Epílogo
Algunos afirman que apareció una mano que sujetó la hoja desnuda y la guió hasta el interior de la piedra; otros dicen que un rayo de luz los cegó por un instante y que, cuando volvieron a mirar, la espada estaba clavada en aquella piedra. Sea como sea, todos están de acuerdo en que un fuerte hedor a roca quemada llenó el aire y los ojos les escocieron.
—Pedís una señal —exclamé—. Aquí la tenéis: quienquiera que saque la espada de la piedra será el auténtico rey de Inglaterra. Hasta ese día el país sufrirá tales conflictos y luchas como jamás se han conocido en la Isla de los Poderosos, y nadie lo gobernará.

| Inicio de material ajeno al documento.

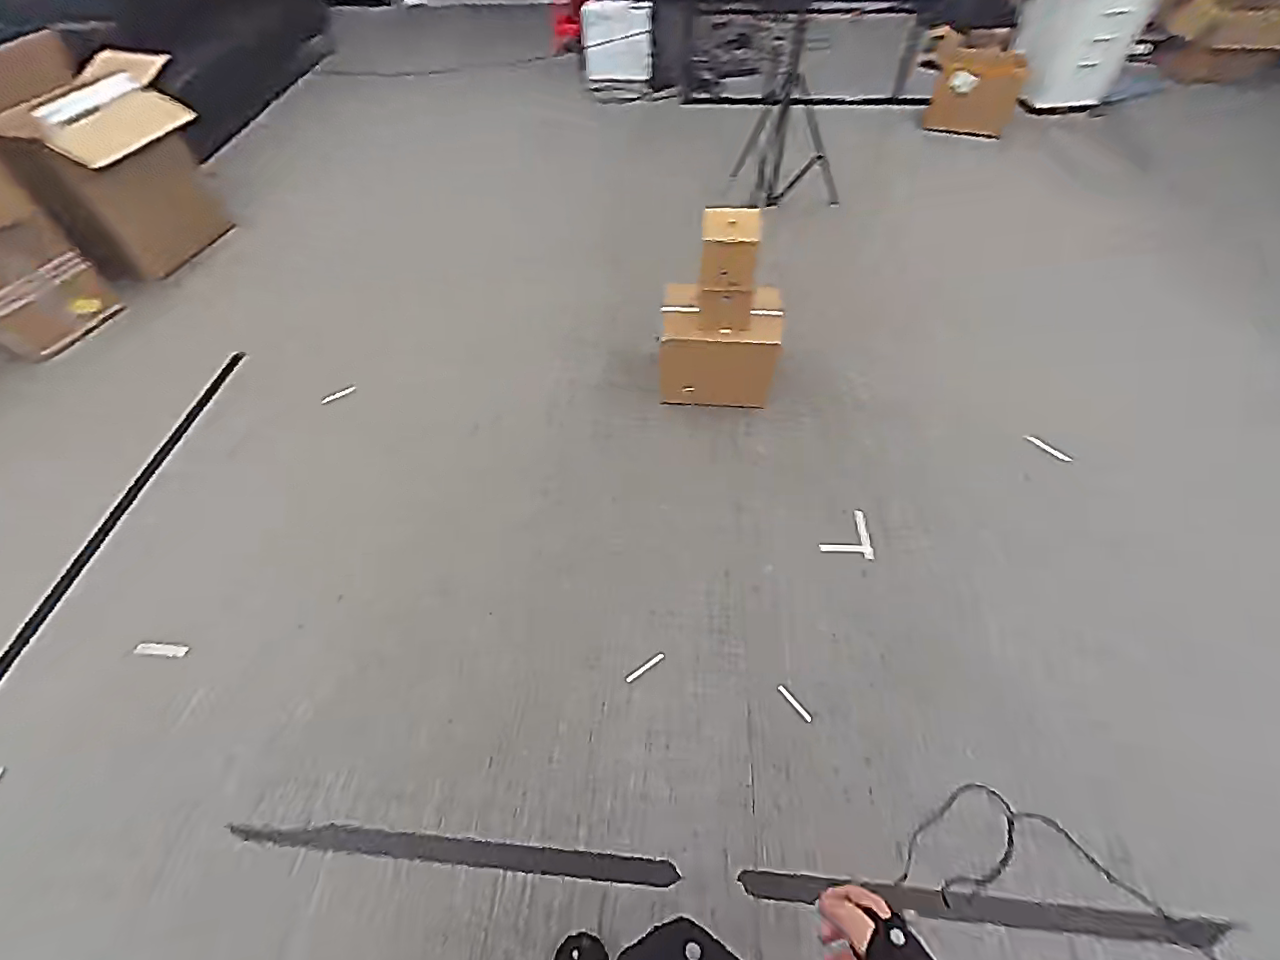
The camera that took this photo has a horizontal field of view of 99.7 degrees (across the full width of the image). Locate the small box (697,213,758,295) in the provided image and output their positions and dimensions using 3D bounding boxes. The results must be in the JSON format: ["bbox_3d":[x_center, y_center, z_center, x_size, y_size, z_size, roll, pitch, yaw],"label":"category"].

Dicho esto, me volví de inmediato y me abrí paso por entre el asombrado silencio de la multitud. Nadie me llamó esta vez. Regresé a casa de Gradlon y recogí mis cosas mientras Pelleas ensillaba los caballos.
Al poco rato, Pelleas y yo cabalgábamos solos por las estrechas calles de Londinium. Llegamos a la puerta de acceso, atravesamos las murallas y salimos al camino.
El día empezaba a morir; el sol ardía con tonos amarillentos y dorados en un cielo que se oscurecía rápidamente. Nos detuvimos en la cima de una colina y contemplamos cómo nuestras sombras se alargaban a nuestras espaldas y se inclinaban en dirección a la ciudad. Pero no podía dar la vuelta. No, que hicieran lo que quisieran; el futuro, nuestra salvación, estaba en otra parte.
Volví el rostro hacia el oeste y cabalgué en busca de Arturo.